At the moment, the user is expected to add to the Docker image both:

  • The dbt project files

  • The dbt Profile which contains the information for dbt to access the database

  • Handle secrets

Additional KubernetesPodOperator parameters can be added on the operator_args parameter of the DbtKubernetesOperator.

For instance,

    run_models = DbtTaskGroup(
        project_config=ProjectConfig(),
        profile_config=ProfileConfig(
            profile_name="postgres_profile",
            target_name="dev",
            profile_mapping=PostgresUserPasswordProfileMapping(
                conn_id="postgres_default",
                profile_args={
                    "schema": "public",
                },
            ),
        ),
        render_config=RenderConfig(dbt_project_path=AIRFLOW_PROJECT_DIR),
        execution_config=ExecutionConfig(execution_mode=ExecutionMode.KUBERNETES, dbt_project_path=K8S_PROJECT_DIR),
        operator_args={
            "image": DBT_IMAGE,
            "get_logs": True,
            "is_delete_operator_pod": False,
            "secrets": [postgres_password_secret, postgres_host_secret],
        },
    )

Step-by-step instructions#

Using installed Kind, you can setup a local kubernetes cluster

kind create cluster

Deploy a Postgres pod to Kind using Helm

helm repo add bitnami https://charts.bitnami.com/bitnami
helm repo update
helm install postgres bitnami/postgresql

Retrieve the Postgres password and set it as an environment variable

export POSTGRES_PASSWORD=$(kubectl get secret --namespace default postgres-postgresql -o jsonpath="{.data.postgres-password}" | base64 -d)

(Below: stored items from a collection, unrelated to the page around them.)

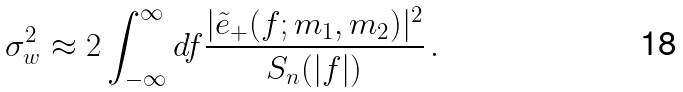Convert formula to latex. <formula><loc_0><loc_0><loc_500><loc_500>\sigma ^ { 2 } _ { w } \approx 2 \int _ { - \infty } ^ { \infty } d f \frac { | \tilde { e } _ { + } ( f ; m _ { 1 } , m _ { 2 } ) | ^ { 2 } } { S _ { n } ( | f | ) } \, .</formula> 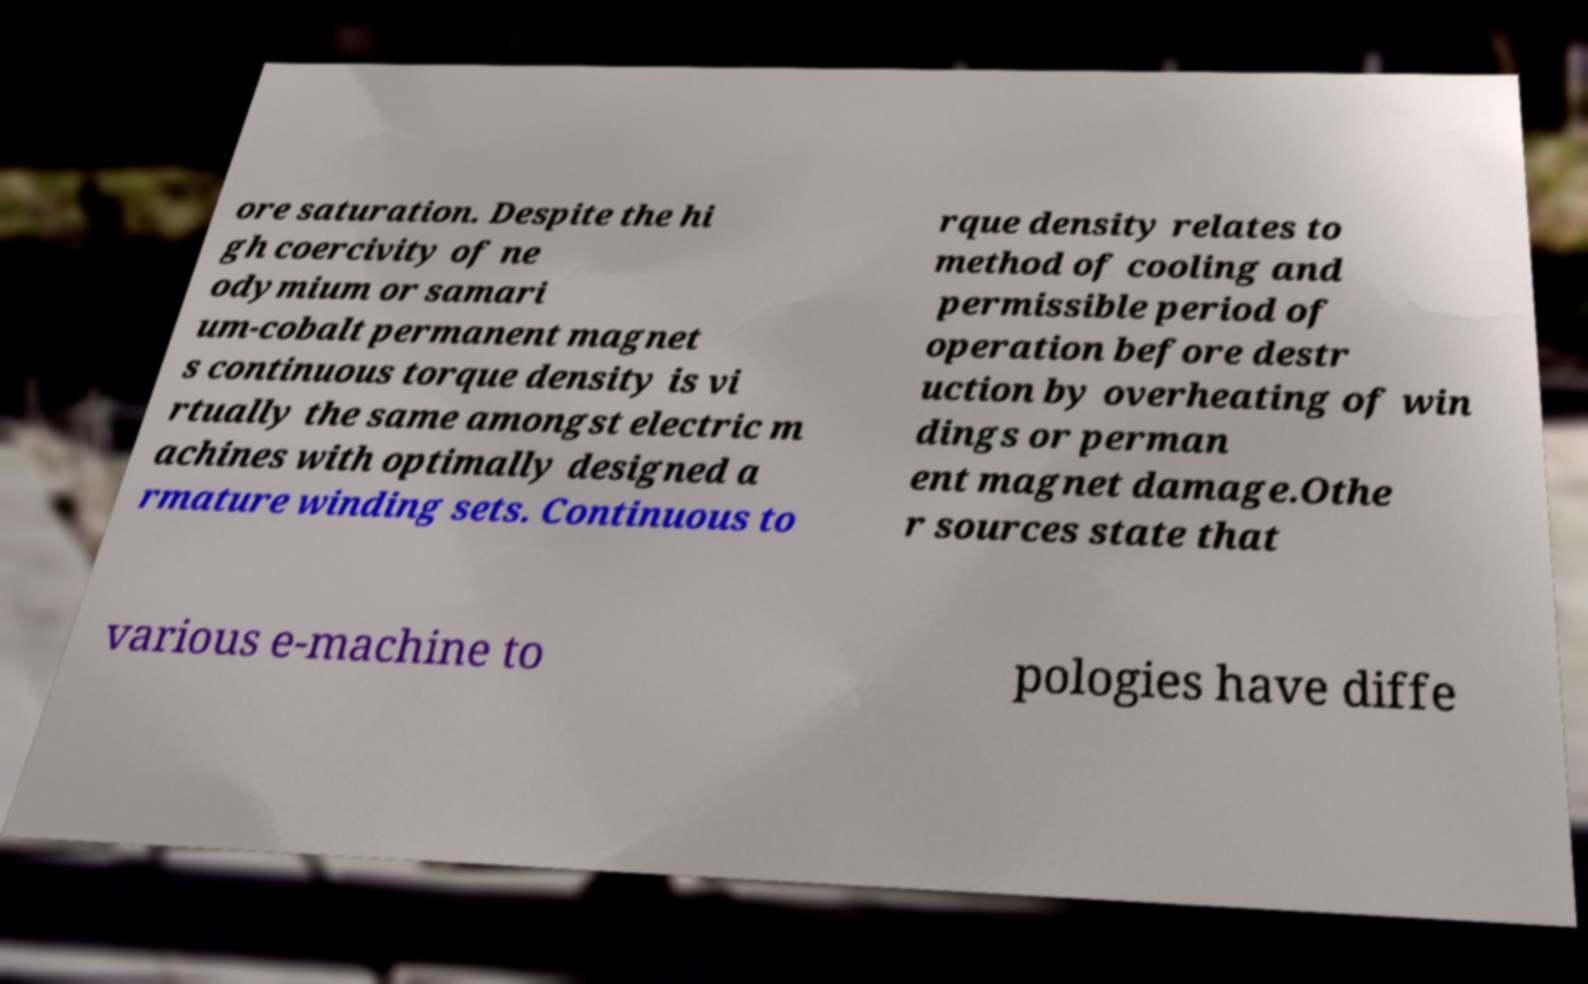Can you accurately transcribe the text from the provided image for me? ore saturation. Despite the hi gh coercivity of ne odymium or samari um-cobalt permanent magnet s continuous torque density is vi rtually the same amongst electric m achines with optimally designed a rmature winding sets. Continuous to rque density relates to method of cooling and permissible period of operation before destr uction by overheating of win dings or perman ent magnet damage.Othe r sources state that various e-machine to pologies have diffe 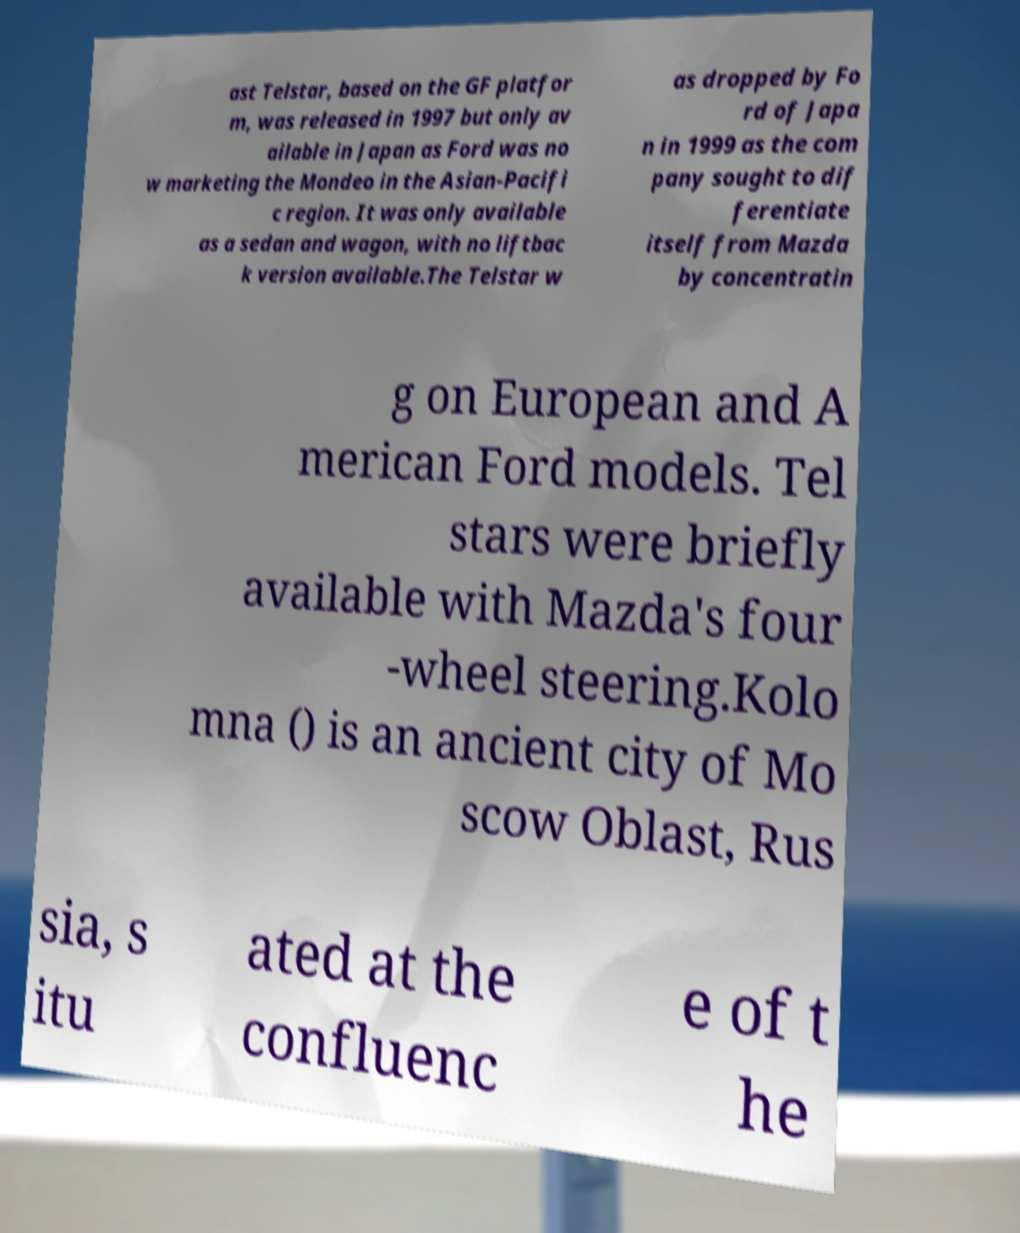Could you assist in decoding the text presented in this image and type it out clearly? ast Telstar, based on the GF platfor m, was released in 1997 but only av ailable in Japan as Ford was no w marketing the Mondeo in the Asian-Pacifi c region. It was only available as a sedan and wagon, with no liftbac k version available.The Telstar w as dropped by Fo rd of Japa n in 1999 as the com pany sought to dif ferentiate itself from Mazda by concentratin g on European and A merican Ford models. Tel stars were briefly available with Mazda's four -wheel steering.Kolo mna () is an ancient city of Mo scow Oblast, Rus sia, s itu ated at the confluenc e of t he 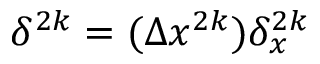<formula> <loc_0><loc_0><loc_500><loc_500>\delta ^ { 2 k } = ( \Delta x ^ { 2 k } ) \delta _ { x } ^ { 2 k }</formula>

Check that the environment variable was set and that it is not empty

echo $POSTGRES_PASSWORD

Expose the Postgres to the host running Docker/Kind

kubectl port-forward --namespace default postgres-postgresql-0  5432:5432

Check that you’re able to connect to the exposed pod

PGPASSWORD="$POSTGRES_PASSWORD" psql --host 127.0.0.1 -U postgres -d postgres -p 5432

postgres=# \dt
\q

Create a K8s secret which contains the credentials to access Postgres

kubectl create secret generic postgres-secrets --from-literal=host=postgres-postgresql.default.svc.cluster.local --from-literal=password=$POSTGRES_PASSWORD

Clone the example repo that contains the Airflow DAG and dbt project files

git clone https://github.com/astronomer/cosmos-example.git
cd cosmos-example/

Create a docker image containing the dbt project files and dbt profile by using the Dockerfile, which will be run in K8s.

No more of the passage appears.